The advantages of using the asynchronous model is that the TcpIp stack uses callbacks whenever there is data to read and the callback is automatically run on a thread from the thread pool.
Using the asynchronous model, you can control the number of requests per time interval initiated and also if you want you can initiate all the requests from a lower priority thread while processing the requests on a normal priority thread which means the packets will stay as little as possible in the internal Tcp Queue of the networking stack.
Asynchronous Client Socket Example - MSDN
P.S. For multiple concurrent and long running jobs that don't do allot of computation but mostly wait on IO (network, disk, etc) the better option always is to use a callback mechanism and not threads.
I'd create your own thread manager. In the following simple example a Queue is used to hold waiting threads and a Dictionary is used to hold active threads, keyed by ManagedThreadId. When a thread finishes, it removes itself from the active dictionary and launches another thread via a callback.
You can change the max running thread limit from your UI, and you can pass extra info to the ThreadDone callback for monitoring performance, etc.
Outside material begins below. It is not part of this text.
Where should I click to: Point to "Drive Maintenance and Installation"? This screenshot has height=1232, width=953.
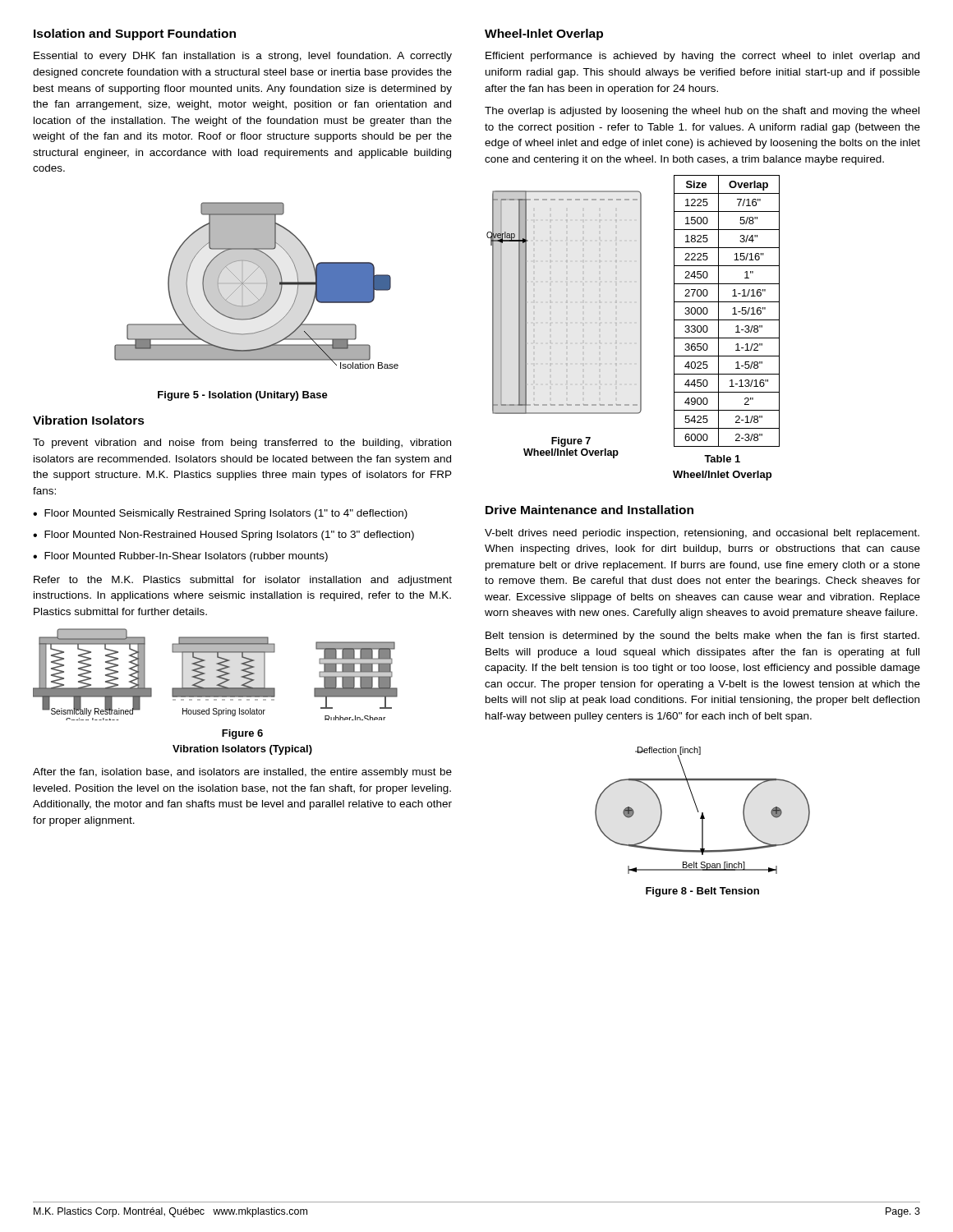click(702, 510)
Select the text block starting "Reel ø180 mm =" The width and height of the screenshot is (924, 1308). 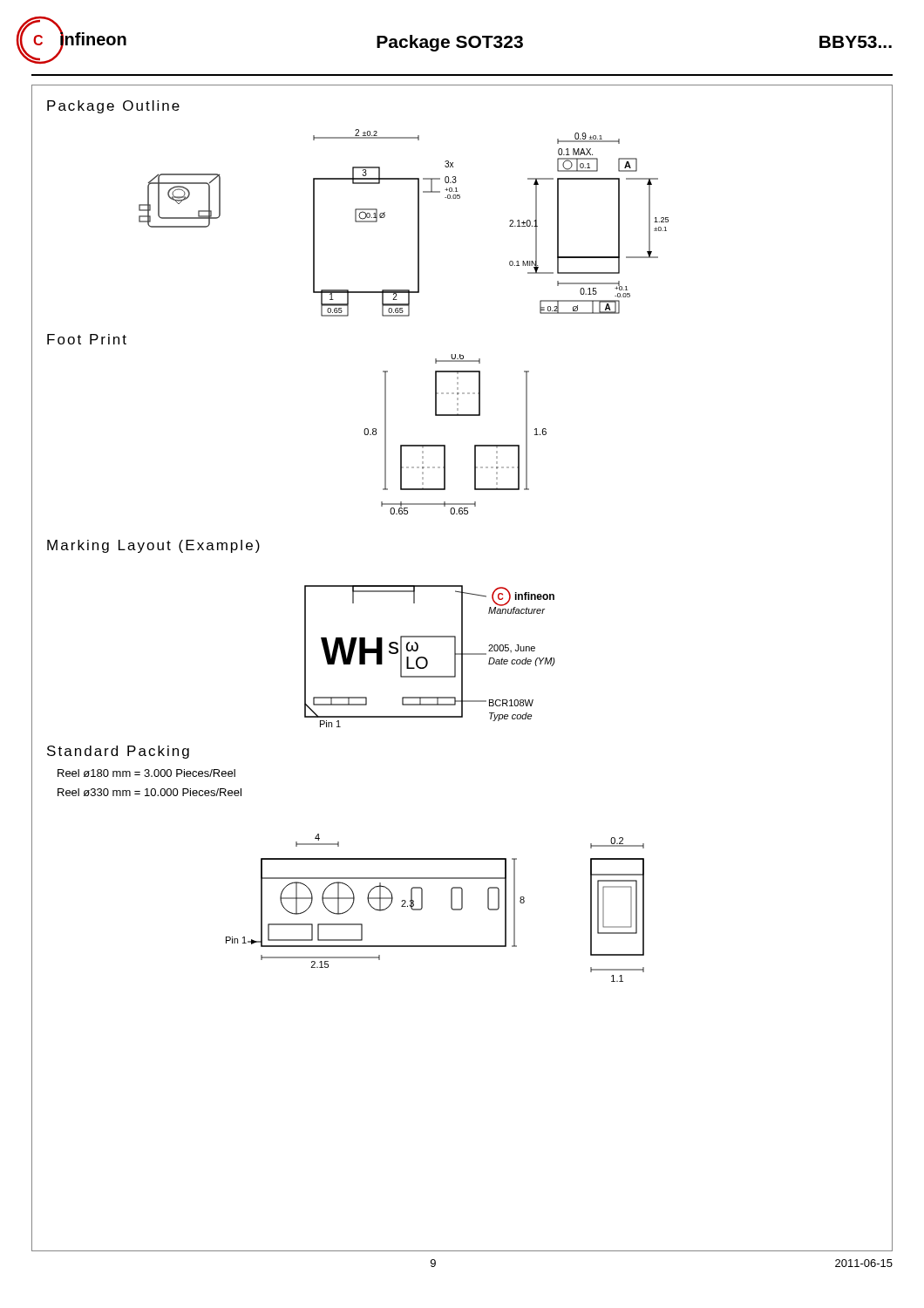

If a thread fails for say, a network timeout, you can reinsert back into the queue. Add extra control methods to Supervisor for pausing, stopping, etc.
using System;
using System.Collections.Generic;
using System.Threading;
namespace ConsoleApplication1
{
public delegate void CallbackDelegate(int idArg);
class Program
{
static void Main(string[] args)
{
new Supervisor().Run();
Console.WriteLine("Done");
Console.ReadKey();
}
}
class Supervisor
{
Queue<System.Threading.Thread> waitingThreads = new Queue<System.Threading.Thread>();
Dictionary<int, System.Threading.Thread> activeThreads = new Dictionary<int, System.Threading.Thread>();
int maxRunningThreads = 10;
object locker = new object();
volatile bool done;
public void Run()
{
// queue up some threads
for (int i = 0; i < 50; i++)
{
Thread newThread = new Thread(new Worker(ThreadDone).DoWork);
newThread.IsBackground = true;
waitingThreads.Enqueue(newThread);
}
LaunchWaitingThreads();
while (!done) Thread.Sleep(200);
}
// keep starting waiting threads until we max out
void LaunchWaitingThreads()
{
lock (locker)
{
while ((activeThreads.Count < maxRunningThreads) && (waitingThreads.Count > 0))
{
Thread nextThread = waitingThreads.Dequeue();
activeThreads.Add(nextThread.ManagedThreadId, nextThread);
nextThread.Start();
Console.WriteLine("Thread " + nextThread.ManagedThreadId.ToString() + " launched");
}
done = (activeThreads.Count == 0) && (waitingThreads.Count == 0);
}
}
// this is called by each thread when it's done
void ThreadDone(int threadIdArg)
{
lock (locker)
{
// remove thread from active pool
activeThreads.Remove(threadIdArg);
}
Console.WriteLine("Thread " + threadIdArg.ToString() + " finished");
LaunchWaitingThreads(); // this could instead be put in the wait loop at the end of Run()
}
}
class Worker
{
CallbackDelegate callback;
public Worker(CallbackDelegate callbackArg)
{
callback = callbackArg;
}
public void DoWork()
{
System.Threading.Thread.Sleep(new Random().Next(100, 1000));
callback(System.Threading.Thread.CurrentThread.ManagedThreadId);
}
}
}
Use the built-in threadpool. It has good capabilities.
Alternatively you can look at the Smart Thread Pool implementation here or at Extended Thread Pool for a limit on the maximum number of working threads.